Is it a perfect solution? Of course not; there is no such creature. These people are human, and fallible. They have failed the State before, and they will almost certainly fail it again in time. When that time comes, we will deal with the problem-- as we will do with the Amarr when and if they turn on us.
Until then, I trust those whom we recognize as leaders. We recognize them as leaders because they are better equipped to make these decisions than we are. That is the whole point of a meritocracy: to place those who are best equipped to do certain jobs in charge of doing those jobs.

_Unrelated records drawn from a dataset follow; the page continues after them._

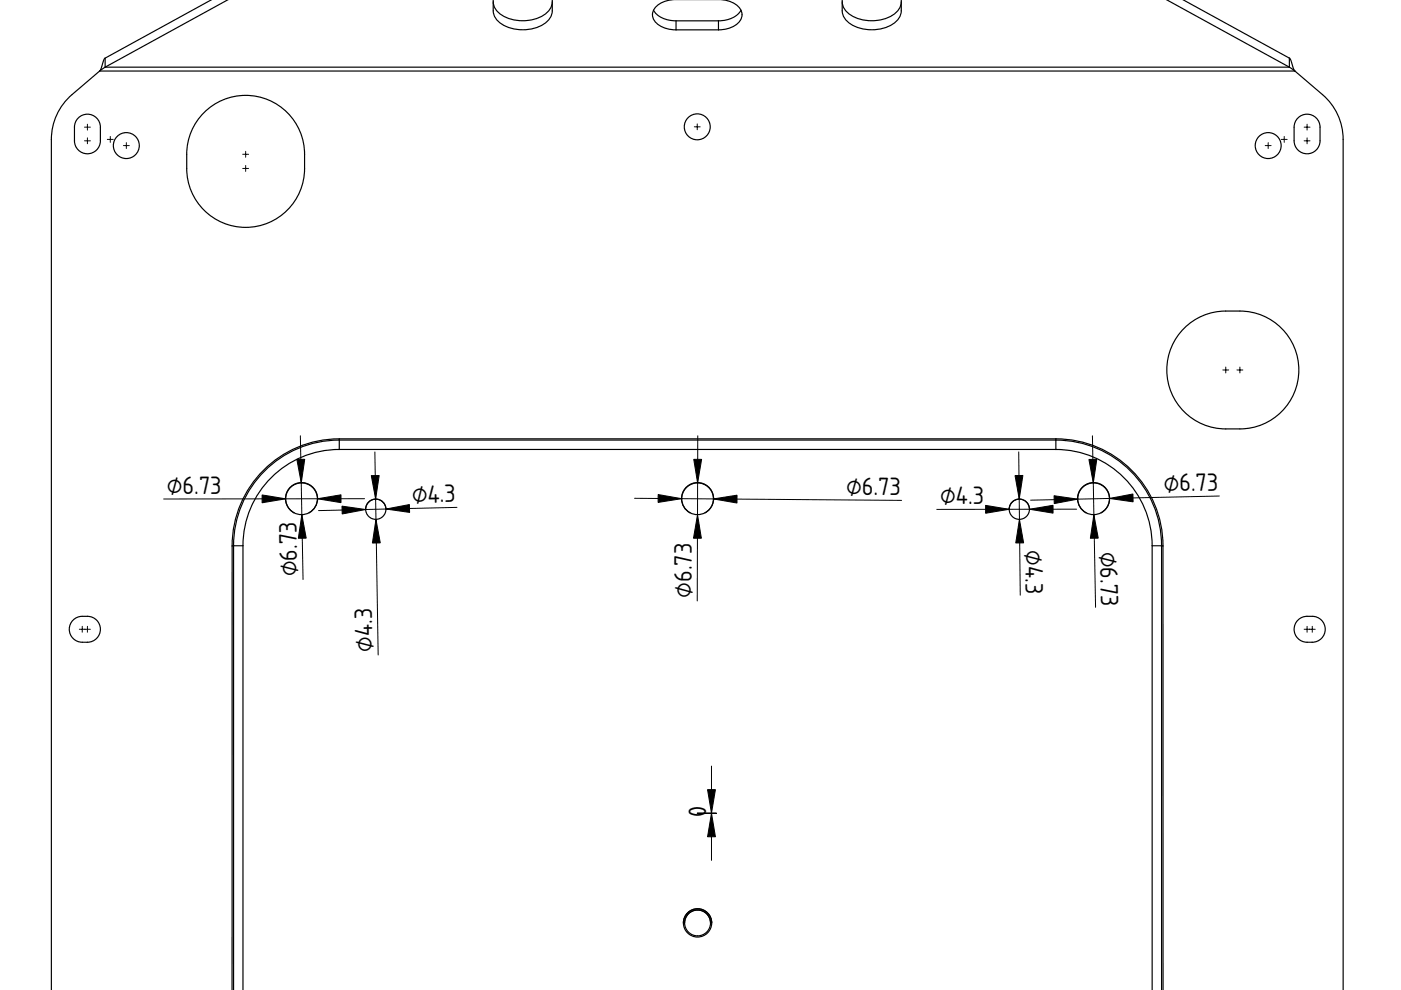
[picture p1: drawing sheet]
<svg xmlns="http://www.w3.org/2000/svg" width="297mm" height="210mm" viewBox="0 0 297 210" stroke-linecap="round" stroke-linejoin="round" font-family="sans-serif">
<defs><g id="words">
<g font-size="5">
<text x="35.4" y="104.6">⌀6.73</text>
<text x="87.4" y="106.6" transform="rotate(-1 87.4 106.6)">⌀4.3</text>
<text x="179.4" y="104.9">⌀6.73</text>
<text x="199.3" y="106.9">⌀4.3</text>
<text x="246.7" y="104.3" transform="rotate(-1 246.7 104.3)">⌀6.73</text>
<text x="217.4" y="116.7" transform="rotate(89 217.4 116.7)">⌀4.3</text>
<text x="233.2" y="117" transform="rotate(89 233.2 117)">⌀6.73</text>
<text x="63.1" y="122.2" transform="rotate(-91 63.1 122.2)">⌀6.73</text>
<text x="146.7" y="126.7" transform="rotate(-90 146.7 126.7)">⌀6.73</text>
<text x="79" y="138.2" transform="rotate(-91 79 138.2)">⌀4.3</text>
<text x="149.7" y="173.2" transform="rotate(-90 149.7 173.2)">0</text>
</g>
</g></defs>
<g fill="none" stroke="#000" stroke-width=".25">
<path d="M44.8 -.1l-22.5 12.4M48.3 -.1l-26 14.3M104.6 0a4.6 4.6 0 0 0 1.2 4.7 8.6 8.6 0 0 0 10.1 0 3.2 3.2 0 0 0 1.2-2.4v-2.3M142.5 -.1a4.6 4.6 0 0 0-4.1 2.6 2.92 2.92 0 0 0 2.4 3.4l2.5 .4M153.1 -.1a4.6 4.6 0 0 1 4.1 2.6 2.92 2.92 0 0 1-2.3 3.4l-2.6 .4M178.6 0a4.6 4.6 0 0 0 1.2 4.7 8.6 8.6 0 0 0 10.1 0 3.2 3.2 0 0 0 1.2-2.4v-2.3M247.3 -.1l26.1 14.3M250.8 -.1l22.6 12.4M21.1 15.1l-5.8 5a12.5 12.5 0 0 0-4.4 9.5v180.4M21.1 15.1h253.4M22.3 12.3l-.3 .4-.6 1.8-.3 .6M22.3 14.2l-1.2 .9"/>
<path d="M22.3 14.2h251.1M22.3 12.3v1.9M104.6 .4a4.7 4.7 0 0 0 4.3 3.8 8.1 8.1 0 0 0 7.5-2l.6-1.2 .1-.6M138.6 2.2a5.3 5.3 0 0 0 4.7 2.2M143.3 4.4h9M143.3 6.3h9M143.3 4.4v1.9M152.3 4.4v1.9M157.1 2.2a5.3 5.3 0 0 1-4.8 2.2M178.6 .4a4.7 4.7 0 0 0 4.2 3.8 8.1 8.1 0 0 0 7.6-2l.6-1.2 .1-.6M273.4 12.3l.3 .4 .5 1.8 .3 .6M273.4 14.2l1.1 .9"/>
<path d="M273.4 12.3v1.9M274.5 15.1l5.9 5a12.5 12.5 0 0 1 4.4 9.5v180.4M16.8 24.8a2.75 2.75 0 0 1 2.9-.3 2.75 2.75 0 0 1 1.6 2.5v2.9a2.75 2.75 0 0 1-2.8 2.7 2.75 2.75 0 0 1-2.7-2.7v-2.9a2.74 2.74 0 0 1 1-2.2zM43.2 23.9a12.5 12.5 0 0 1 13.7-2.7 12.5 12.5 0 0 1 7.7 11.5 16.3 16.3 0 0 1-1.3 8.5 12.5 12.5 0 0 1-14 6.7 12.5 12.5 0 0 1-9.7-12.2 16.3 16.3 0 0 1 1.3-8.5l.6-1.2zM275.4 24.8a2.75 2.75 0 0 1 2.9-.3 2.75 2.75 0 0 1 1.6 2.5v2.9a2.75 2.75 0 0 1-2.8 2.7 2.75 2.75 0 0 1-2.7-2.7v-2.9a2.74 2.74 0 0 1 1-2.2zM251 69.6a12.5 12.5 0 0 1 8.9-3.6 16.3 16.3 0 0 1 8.5 1.2 12.5 12.5 0 0 1 6.7 14.1 12.5 12.5 0 0 1-12.2 9.6 16.3 16.3 0 0 1-8.5-1.2 12.5 12.5 0 0 1-3.4-20.1zM71.9 93a22.7 22.7 0 0 0-22.7 22.8M71.9 95.3a20.4 20.4 0 0 0-20.4 20.4M71.9 93h152M71.9 93v2.3M71.9 95.3h152M223.9 93a22.7 22.7 0 0 1 22.7 22.8"/>
<path d="M223.9 95.3a20.4 20.4 0 0 1 20.4 20.4M223.9 93v2.3M49.2 115.8v94.2M49.5 115.7a22.4 22.4 0 0 1 22.4-22.4h152a22.4 22.4 0 0 1 22.4 22.4M49.5 115.7l-.3 .1M49.5 115.7v94.3M51.5 115.7h-2M51.5 115.7v94.3M67.3 105.8a3.4 3.4 0 0 0-5.1-2.9 3.4 3.4 0 0 0 .1 5.8M67.3 105.8a3.4 3.4 0 0 1-1.8 2.9M67.3 105.7a3.4 3.4 0 0 1-5 3M67.3 105.7a3.4 3.4 0 0 0-5.1-2.9 3.4 3.4 0 0 0 .1 5.9"/>
<path d="M67.3 105.7v.1M77.5 108a2.15 2.15 0 0 0 2.2 2.1 2.15 2.15 0 0 0 2.1-2.1M77.5 108a2.15 2.15 0 0 1 2.2-2.2 2.15 2.15 0 0 1 2.1 2.2M144.5 105.7a3.4 3.4 0 0 1 4-3.3 3.4 3.4 0 0 1 2.6 4.4 3.4 3.4 0 0 1-4.8 1.9M144.5 105.7a3.4 3.4 0 0 0 1.8 3M144.5 105.7v.1M144.5 105.8a3.4 3.4 0 0 0 1.8 2.9M144.5 105.8a3.4 3.4 0 0 1 5.1-2.9 3.4 3.4 0 0 1-.1 5.8M214 108a2.15 2.15 0 0 1 2.1-2.2 2.15 2.15 0 0 1 2.2 2.2M214 108a2.15 2.15 0 0 0 2.1 2.1 2.15 2.15 0 0 0 2.2-2.1M228.5 105.7a3.4 3.4 0 0 1 5.1-2.9 3.4 3.4 0 0 1-.1 5.9M228.5 105.7a3.4 3.4 0 0 0 1.7 3"/>
<path d="M228.5 105.7v.1M228.5 105.8a3.4 3.4 0 0 0 1.8 2.9M228.5 105.8a3.4 3.4 0 0 1 5.1-2.9 3.4 3.4 0 0 1-.1 5.8M230.2 108.7a3.4 3.4 0 0 0 3.3 0M244.3 115.7h2M244.3 115.7v94.3M246.3 115.7l.3 .1M246.3 115.7v94.3M246.6 115.8v94.2M15.7 131.3a4.1 4.1 0 0 1 5 .4 2.75 2.75 0 0 1 .3 2.9 2.75 2.75 0 0 1-2.5 1.6 3.1 3.1 0 0 1-3.7-2.1 2.75 2.75 0 0 1 .9-2.8zM275.4 131.3a4.1 4.1 0 0 1 5 .4 2.75 2.75 0 0 1 .3 2.9 2.75 2.75 0 0 1-2.5 1.6 3.1 3.1 0 0 1-3.8-2.1 2.75 2.75 0 0 1 1-2.8z"/>
<circle cx="26.8" cy="30.9" r="2.75"/>
<circle cx="147.8" cy="26.9" r="2.75"/>
<circle cx="268.9" cy="30.9" r="2.75"/>
<circle cx="147.9" cy="195.7" r="3"/>
<circle cx="147.9" cy="195.7" r="2.75"/>
</g>
<g fill="#000" stroke="#080808" stroke-width=".21">
<path d="M18.5 26.3v1.3zM17.9 27h1.3z" fill-rule="evenodd"/>
<path d="M18.5 29.2v1.3zM17.9 29.9h1.3z" fill-rule="evenodd"/>
<path d="M23.4 28.9v1.3zM22.8 29.6h1.2z" fill-rule="evenodd"/>
<path d="M26.8 30.2v1.3zM26.2 30.9h1.2z" fill-rule="evenodd"/>
<path d="M52.1 35.1v1.2zM51.5 35.7h1.2z" fill-rule="evenodd"/>
<path d="M52.1 32.1v1.2zM51.5 32.7h1.2z" fill-rule="evenodd"/>
<path d="M147.8 26.3v1.2zM147.2 26.9h1.3z" fill-rule="evenodd"/>
<path d="M268.9 30.2v1.3zM268.3 30.9h1.2z" fill-rule="evenodd"/>
<path d="M272.3 28.9v1.3zM271.7 29.6h1.2z" fill-rule="evenodd"/>
<path d="M277.1 29.2v1.3zM276.5 29.9h1.3z" fill-rule="evenodd"/>
<path d="M277.1 26.3v1.3zM276.5 27h1.3z" fill-rule="evenodd"/>
<path d="M259.9 77.8v1.3zM259.3 78.4h1.2z" fill-rule="evenodd"/>
<path d="M262.9 77.8v1.3zM262.3 78.4h1.2z" fill-rule="evenodd"/>
<path d="M17.4 132.8v1.2zM16.8 133.4h1.3z" fill-rule="evenodd"/>
<path d="M18.5 132.8v1.2zM17.9 133.4h1.3z" fill-rule="evenodd"/>
<path d="M277.1 132.8v1.2zM276.5 133.4h1.3z" fill-rule="evenodd"/>
<path d="M278.2 132.8v1.2zM277.6 133.4h1.2z" fill-rule="evenodd"/>
</g>
<path d="M63.7 92.4l.6 30.5M79.5 95.8l.7 43.1M147.9 92.4l-.1 35M216 95.8l.3 30.4M231.6 92.4l.7 36.4M77.3 105.7l-42.6 .1M96.9 107.6l-29.4 .7M134.5 105.7l56.7 .4M228.3 108h-29.7M258.5 105.2l-40 .8M147.8 172.4h4.1M150.8 162.4v20" fill="none" stroke="#000" stroke-width=".21"/>
<g fill="#000" stroke="#000" stroke-width=".21">
<path d="M55.6 104.9l5 .9-5 .8zM62.9 97.4h1.7l-.7 5zM64 109.1l.9 5h-1.6zM67.3 105.8l5-.9v1.7zM72.5 107.3l5 .7-4.9 1zM78.7 100.8h1.7l-.8 5zM79.7 110.1l.9 5h-1.6zM81.8 107.9l5-.9v1.6zM139.5 104.9l5 .8-5 .8zM147.9 109.1l.8 5h-1.7zM147.1 97.4h1.7l-.9 5zM151.3 105.8l5-.8v1.7z"/>
<path d="M209 107.2l5 .8-5 .8zM215.2 100.8h1.7l-.8 5zM216.1 110.1l.9 5h-1.6zM218.3 108l5-.9v1.7zM223.5 105.1l5 .7-5 1zM230.9 97.4h1.6l-.7 5zM231.9 109.1l.9 5h-1.6zM235.2 105.7l5-1v1.7zM150 167.4h1.7l-.9 5zM150.8 172.4l.9 5h-1.7z"/>
</g>
<use href="#words"/>
</svg>

The balance of power has lasted for a century, Fae-haan. You and I lack the perspective, and the wisdom, to know when that balance should shift.
I have put my will and belief ahead of the community's in non-trivial ways before, and watched the suffering it caused-- my own, among others. It is not a mistake I will so easily repeat. You should know me well enough by now to understand that my obedience is not, can never be, blind. When in doubt, I defer to those better positioned to know than I am.
To think you know better is to place your own judgment before that of those who hold positions higher than yours because of their superior judgment.